La retranscription de ce message dans ce blog a été réalisée avec son accord.

 

Un scandale,

comme quoi à Genève les pauvres n'ont vraiment pas les mêmes droits que les autres :

une amie à moi, enceinte, qui veut faire venir un membre de sa famille du pays pour l'aider quand le bébé va arriver, ne peut pas faire d'invitation à un membre de sa famille, car en tant qu'aide soignante elle ne gagne pas
60 000 CHF par année.

Personne dans son entourage ne peut l'aider pour sa demande car ses amies sont soit domiciliées en dehors du canton de Genève, donc ne peuvent pas se porter garantes, soit elles gagnent elles aussi moins que
60 000 CHF par année.

Ce qui fait quand même 5000.- par mois! Ce n'est pas donné à tout le monde de gagner 5000.- par mois. Surtout pas aux femmes migrantes.

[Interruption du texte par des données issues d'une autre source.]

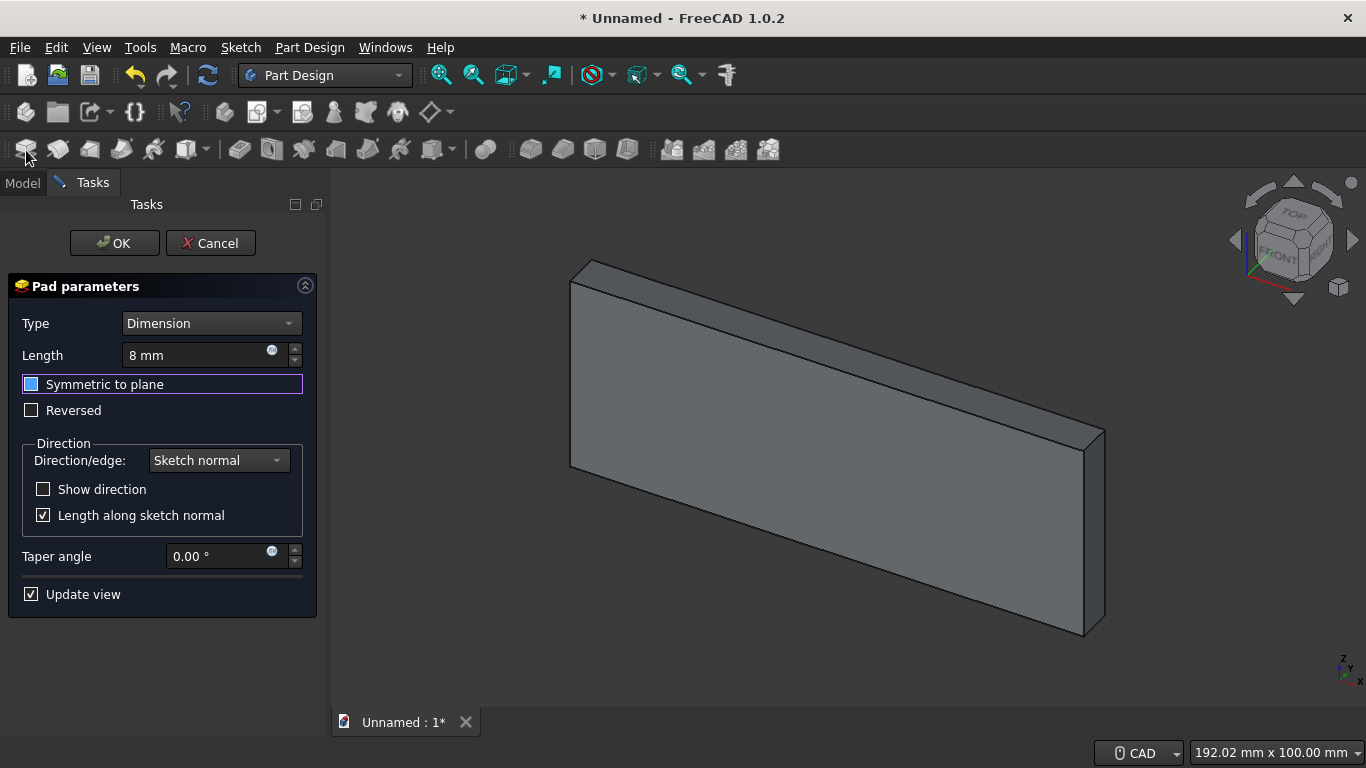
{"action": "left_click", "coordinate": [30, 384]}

Je suis vraiment dépitée pour elle. Dépitée de me rendre compte que parce qu'une personne est pauvre elle ne peut pas simplement pas recevoir un membre de sa famille chez elle.

De plus, il y'a une volonté claire de la maintenir dans la pauvreté alors qu'elle travaille 32 heures par semaine dans un EMS en tant qu'aide soignante. Comme beaucoup de femmes migrantes qui travaillent pour 3 clous dans l'économie domestique et dans les EMS. Pour prendre soin des personnes âgées avec des horaires coupés, irréguliers, les week ends, et jours fériés... Pour gagner un salaire minable avec une classe de salaire 6!!

C'est scandaleux de ne pas lui permettre d'inviter une soeur ou un frère ou une mère, une cousine, alors qu'elle ne bénéficie d'aucune aide sociale, qu'elle n'a jamais commis aucun délit, qu'elle a un logement et un contrat de travail à durée indéterminée. Elle n'a aucun membre de sa famille à Genève pour l'aider à accueillir son bébé qui va arriver. Franchement en tant que Suisse et genevoise, j'ai honte.